Mozammel predicts: “One of BNP or Awami League may get more votes; Jamaat is unlikely to be number one. That is my rough estimate.”

The BNP, despite being a major party, has failed to consolidate its political strategy. “They are involved in the Liberation War and religion. Yes, they support removing secularism from the constitution, yet also use religion to criticise Jamaat. The BNP’s core base is precarious.”
WHY IS YUNUS IN SUCH A RUSH?
The proposal to hand over port container terminal operations to foreigners had been under Awami League consideration, but Mozammel sees a hasty approach by the interim government.
“The Awami League was slow… What is unusual now is Yunus’s urgency,” he said.
He criticised the BNP and Jamaat’s silence as a strategic weakness: “They could have demanded transparency and informed the public. They did not. Political parties should be more straightforward.”
MINUS TWO, MINUS FOUR
Discussion continues over whether the “Minus Two” formula, aimed at sidelining the two leaders from Bangladesh’s politics, has now evolved into a “Minus Four.”

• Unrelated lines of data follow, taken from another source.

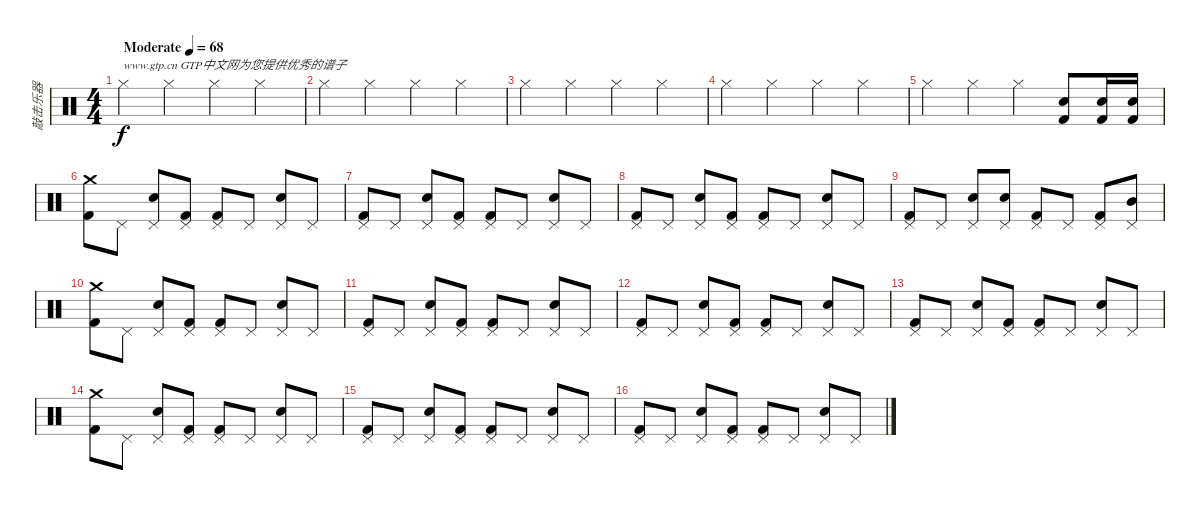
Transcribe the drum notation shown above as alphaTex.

\track ("敲击乐器" "敲击乐器") {instrument percussion}
\staff {score}
\articulation defaults
\ts (4 4)
\tempo (68 "Moderate")
\clef neutral
\ks c "Hi-Hat (closed)".4{txt "www.gtp.cn GTP中文网为您提供优秀的谱子" dy f} "Hi-Hat (closed)".4 "Hi-Hat (closed)".4 "Hi-Hat (closed)".4
|
"Hi-Hat (closed)".4 "Hi-Hat (closed)".4 "Hi-Hat (closed)".4 "Hi-Hat (closed)".4 |
"Hi-Hat (closed)".4 "Hi-Hat (closed)".4 "Hi-Hat (closed)".4 "Hi-Hat (closed)".4 |
"Hi-Hat (closed)".4 "Hi-Hat (closed)".4 "Hi-Hat (closed)".4 "Hi-Hat (closed)".4 |
"Hi-Hat (closed)".4 "Hi-Hat (closed)".4 "Hi-Hat (closed)".4 ("Kick (hit) 2" "Snare (hit) 2").8 ("Kick (hit) 2" "Snare (hit) 2").16 ("Kick (hit) 2" "Snare (hit) 2").16 |
("Crash medium (hit)" "Kick (hit) 2").8 "Pedal Hi-Hat (hit)".8 ("Pedal Hi-Hat (hit)" "Snare (hit) 2").8 ("Pedal Hi-Hat (hit)" "Kick (hit) 2").8 ("Pedal Hi-Hat (hit)" "Kick (hit) 2").8 "Pedal Hi-Hat (hit)".8 ("Pedal Hi-Hat (hit)" "Snare (hit) 2").8 "Pedal Hi-Hat (hit)".8 |
("Pedal Hi-Hat (hit)" "Kick (hit) 2").8 "Pedal Hi-Hat (hit)".8 ("Pedal Hi-Hat (hit)" "Snare (hit) 2").8 ("Pedal Hi-Hat (hit)" "Kick (hit) 2").8 ("Pedal Hi-Hat (hit)" "Kick (hit) 2").8 "Pedal Hi-Hat (hit)".8 ("Pedal Hi-Hat (hit)" "Snare (hit) 2").8 "Pedal Hi-Hat (hit)".8 |
("Pedal Hi-Hat (hit)" "Kick (hit) 2").8 "Pedal Hi-Hat (hit)".8 ("Pedal Hi-Hat (hit)" "Snare (hit) 2").8 ("Pedal Hi-Hat (hit)" "Kick (hit) 2").8 ("Pedal Hi-Hat (hit)" "Kick (hit) 2").8 "Pedal Hi-Hat (hit)".8 ("Pedal Hi-Hat (hit)" "Snare (hit) 2").8 "Pedal Hi-Hat (hit)".8 |
("Pedal Hi-Hat (hit)" "Kick (hit) 2").8 "Pedal Hi-Hat (hit)".8 ("Pedal Hi-Hat (hit)" "Snare (hit) 2").8 ("Pedal Hi-Hat (hit)" "Snare (hit) 2").8 ("Pedal Hi-Hat (hit)" "Kick (hit) 2").8 "Pedal Hi-Hat (hit)".8 ("Pedal Hi-Hat (hit)" "Kick (hit) 2").8 ("Pedal Hi-Hat (hit)" "Mid Tom (hit)").8 |
("Crash medium (hit)" "Kick (hit) 2").8 "Pedal Hi-Hat (hit)".8 ("Pedal Hi-Hat (hit)" "Snare (hit) 2").8 ("Pedal Hi-Hat (hit)" "Kick (hit) 2").8 ("Pedal Hi-Hat (hit)" "Kick (hit) 2").8 "Pedal Hi-Hat (hit)".8 ("Pedal Hi-Hat (hit)" "Snare (hit) 2").8 "Pedal Hi-Hat (hit)".8 |
("Pedal Hi-Hat (hit)" "Kick (hit) 2").8 "Pedal Hi-Hat (hit)".8 ("Pedal Hi-Hat (hit)" "Snare (hit) 2").8 ("Pedal Hi-Hat (hit)" "Kick (hit) 2").8 ("Pedal Hi-Hat (hit)" "Kick (hit) 2").8 "Pedal Hi-Hat (hit)".8 ("Pedal Hi-Hat (hit)" "Snare (hit) 2").8 "Pedal Hi-Hat (hit)".8 |
("Pedal Hi-Hat (hit)" "Kick (hit) 2").8 "Pedal Hi-Hat (hit)".8 ("Pedal Hi-Hat (hit)" "Snare (hit) 2").8 ("Pedal Hi-Hat (hit)" "Kick (hit) 2").8 ("Pedal Hi-Hat (hit)" "Kick (hit) 2").8 "Pedal Hi-Hat (hit)".8 ("Pedal Hi-Hat (hit)" "Snare (hit) 2").8 "Pedal Hi-Hat (hit)".8 |
("Pedal Hi-Hat (hit)" "Kick (hit) 2").8 "Pedal Hi-Hat (hit)".8 ("Pedal Hi-Hat (hit)" "Snare (hit) 2").8 ("Pedal Hi-Hat (hit)" "Kick (hit) 2").8 ("Pedal Hi-Hat (hit)" "Kick (hit) 2").8 "Pedal Hi-Hat (hit)".8 ("Pedal Hi-Hat (hit)" "Snare (hit) 2").8 "Pedal Hi-Hat (hit)".8 |
("Crash medium (hit)" "Kick (hit) 2").8 "Pedal Hi-Hat (hit)".8 ("Pedal Hi-Hat (hit)" "Snare (hit) 2").8 ("Pedal Hi-Hat (hit)" "Kick (hit) 2").8 ("Pedal Hi-Hat (hit)" "Kick (hit) 2").8 "Pedal Hi-Hat (hit)".8 ("Pedal Hi-Hat (hit)" "Snare (hit) 2").8 "Pedal Hi-Hat (hit)".8 |
("Pedal Hi-Hat (hit)" "Kick (hit) 2").8 "Pedal Hi-Hat (hit)".8 ("Pedal Hi-Hat (hit)" "Snare (hit) 2").8 ("Pedal Hi-Hat (hit)" "Kick (hit) 2").8 ("Pedal Hi-Hat (hit)" "Kick (hit) 2").8 "Pedal Hi-Hat (hit)".8 ("Pedal Hi-Hat (hit)" "Snare (hit) 2").8 "Pedal Hi-Hat (hit)".8 |
("Pedal Hi-Hat (hit)" "Kick (hit) 2").8 "Pedal Hi-Hat (hit)".8 ("Pedal Hi-Hat (hit)" "Snare (hit) 2").8 ("Pedal Hi-Hat (hit)" "Kick (hit) 2").8 ("Pedal Hi-Hat (hit)" "Kick (hit) 2").8 "Pedal Hi-Hat (hit)".8 ("Pedal Hi-Hat (hit)" "Snare (hit) 2").8 "Pedal Hi-Hat (hit)".8

Sharing his observations on the matter, Mozammel said: “I believe the Minus Two concept was not baseless; it had a foundation, which was shaped by certain foreign powers -- powers that were not particularly sympathetic to the Liberation War.

“Within the country, some apolitical yet influential circles -- whether in the military, among intellectuals, or within the bureaucracy harboured a dominant mindset: ‘Whether the people vote is another matter; we will first decide the pluses and minuses ourselves’. …Thus, I would say that the Minus Two idea indeed had a foundation.”

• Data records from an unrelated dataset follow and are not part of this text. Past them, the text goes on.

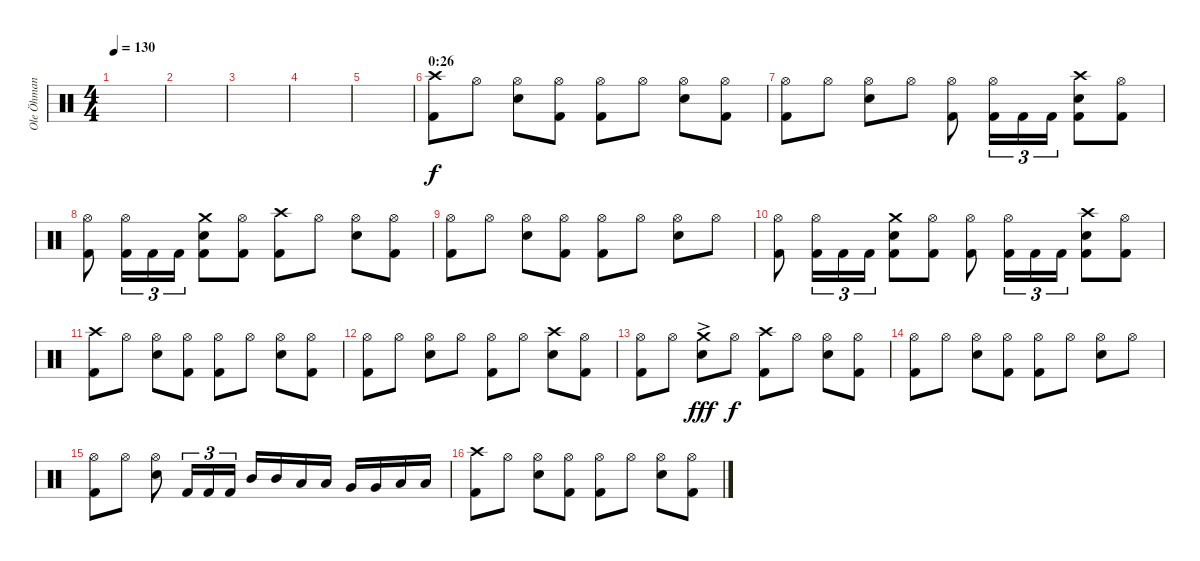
\track ("Ole Öhman" "Ole Öhman") {instrument percussion}
\staff {score}
\articulation defaults
\ts (4 4)
\tempo 130
\clef neutral
\ks c
|
|
|
|
|
\section ("" "0:26")
("Crash high (hit)" "Kick (hit) 2").8 "Hi-Hat (open)".8 ("Hi-Hat (open)" "Electric Snare (hit)").8 ("Hi-Hat (open)" "Kick (hit) 2").8 ("Hi-Hat (open)" "Kick (hit) 2").8 "Hi-Hat (open)".8 ("Hi-Hat (open)" "Electric Snare (hit)").8 ("Hi-Hat (open)" "Kick (hit) 2").8 |
("Hi-Hat (open)" "Kick (hit) 2").8 "Hi-Hat (open)".8 ("Hi-Hat (open)" "Electric Snare (hit)").8 "Hi-Hat (open)".8 ("Hi-Hat (open)" "Kick (hit) 2").8 ("Hi-Hat (open)" "Kick (hit) 2").16{tu (3 2)} "Kick (hit) 2".16{tu (3 2)} "Kick (hit) 2".16{tu (3 2)} ("Crash high (hit)" "Electric Snare (hit)" "Kick (hit) 2").8 ("Hi-Hat (open)" "Kick (hit) 2").8 |
("Hi-Hat (open)" "Kick (hit) 2").8 ("Hi-Hat (open)" "Kick (hit) 2").16{tu (3 2)} "Kick (hit) 2".16{tu (3 2)} "Kick (hit) 2".16{tu (3 2)} ("Crash medium (hit)" "Electric Snare (hit)" "Kick (hit) 2").8 ("Hi-Hat (open)" "Kick (hit) 2").8 ("Crash high (hit)" "Kick (hit) 2").8 "Hi-Hat (open)".8 ("Hi-Hat (open)" "Electric Snare (hit)").8 ("Hi-Hat (open)" "Kick (hit) 2").8 |
("Hi-Hat (open)" "Kick (hit) 2").8 "Hi-Hat (open)".8 ("Hi-Hat (open)" "Electric Snare (hit)").8 ("Hi-Hat (open)" "Kick (hit) 2").8 ("Hi-Hat (open)" "Kick (hit) 2").8 "Hi-Hat (open)".8 ("Hi-Hat (open)" "Electric Snare (hit)").8 "Hi-Hat (open)".8 |
("Hi-Hat (open)" "Kick (hit) 2").8 ("Hi-Hat (open)" "Kick (hit) 2").16{tu (3 2)} "Kick (hit) 2".16{tu (3 2)} "Kick (hit) 2".16{tu (3 2)} ("Crash medium (hit)" "Electric Snare (hit)" "Kick (hit) 2").8 ("Hi-Hat (open)" "Kick (hit) 2").8 ("Hi-Hat (open)" "Kick (hit) 2").8 ("Hi-Hat (open)" "Kick (hit) 2").16{tu (3 2)} "Kick (hit) 2".16{tu (3 2)} "Kick (hit) 2".16{tu (3 2)} ("Crash high (hit)" "Electric Snare (hit)" "Kick (hit) 2").8 ("Hi-Hat (open)" "Kick (hit) 2").8 |
("Crash high (hit)" "Kick (hit) 2").8 "Hi-Hat (open)".8 ("Hi-Hat (open)" "Electric Snare (hit)").8 ("Hi-Hat (open)" "Kick (hit) 2").8 ("Hi-Hat (open)" "Kick (hit) 2").8 "Hi-Hat (open)".8 ("Hi-Hat (open)" "Electric Snare (hit)").8 ("Hi-Hat (open)" "Kick (hit) 2").8 |
("Hi-Hat (open)" "Kick (hit) 2").8 "Hi-Hat (open)".8 ("Hi-Hat (open)" "Electric Snare (hit)").8 "Hi-Hat (open)".8 ("Hi-Hat (open)" "Kick (hit) 2").8 "Hi-Hat (open)".8 ("Crash high (hit)" "Electric Snare (hit)").8 ("Hi-Hat (open)" "Kick (hit) 2").8 |
("Hi-Hat (open)" "Kick (hit) 2").8 "Hi-Hat (open)".8 ("Crash medium (hit)" "Electric Snare (hit)"{ac}).8{dy fff} "Hi-Hat (open)".8{dy f} ("Crash high (hit)" "Kick (hit) 2").8 "Hi-Hat (open)".8 ("Hi-Hat (open)" "Electric Snare (hit)").8 ("Hi-Hat (open)" "Kick (hit) 2").8 |
("Hi-Hat (open)" "Kick (hit) 2").8 "Hi-Hat (open)".8 ("Hi-Hat (open)" "Electric Snare (hit)").8 ("Hi-Hat (open)" "Kick (hit) 2").8 ("Hi-Hat (open)" "Kick (hit) 2").8 "Hi-Hat (open)".8 ("Hi-Hat (open)" "Electric Snare (hit)").8 "Hi-Hat (open)".8 |
("Hi-Hat (open)" "Kick (hit) 2").8 "Hi-Hat (open)".8 ("Hi-Hat (open)" "Electric Snare (hit)").8 "Kick (hit) 2".16{tu (3 2)} "Kick (hit) 2".16{tu (3 2)} "Kick (hit) 2".16{tu (3 2)} "Mid Tom (hit)".16 "Mid Tom (hit)".16 "Low Tom (hit)".16 "Low Tom (hit)".16 "Very Low Tom (hit)".16 "Very Low Tom (hit)".16 "Low Floor Tom (hit)".16 "Low Floor Tom (hit)".16 |
("Crash high (hit)" "Kick (hit) 2").8 "Hi-Hat (open)".8 ("Hi-Hat (open)" "Electric Snare (hit)").8 ("Hi-Hat (open)" "Kick (hit) 2").8 ("Hi-Hat (open)" "Kick (hit) 2").8 "Hi-Hat (open)".8 ("Hi-Hat (open)" "Electric Snare (hit)").8 ("Hi-Hat (open)" "Kick (hit) 2").8

Regarding Minus Four, he highlighted the second-generation leadership’s lack of domestic political engagement.
“They have been abroad for 17 years, expect red carpets as prime minister, and avoid grassroots politics. This backwardness is regrettable for the nation.”

RATIONALE OF POLITICS
Mozammel strongly criticised the removal of secularism from the Constitution.
“Without secularism, Bangladesh has no rationale. We could have stayed in Pakistan. Secularism and democracy are the foundation of our nation. With secularism gone, the left is weak, the Awami League absent, and the right-wing BNP dominates.
“Religious parties cannot resolve this -- they issue contradictory positions, from women’s work limits to Shariah law to Hindu nominations. Religion is secondary; political manoeuvring is primary,” he said.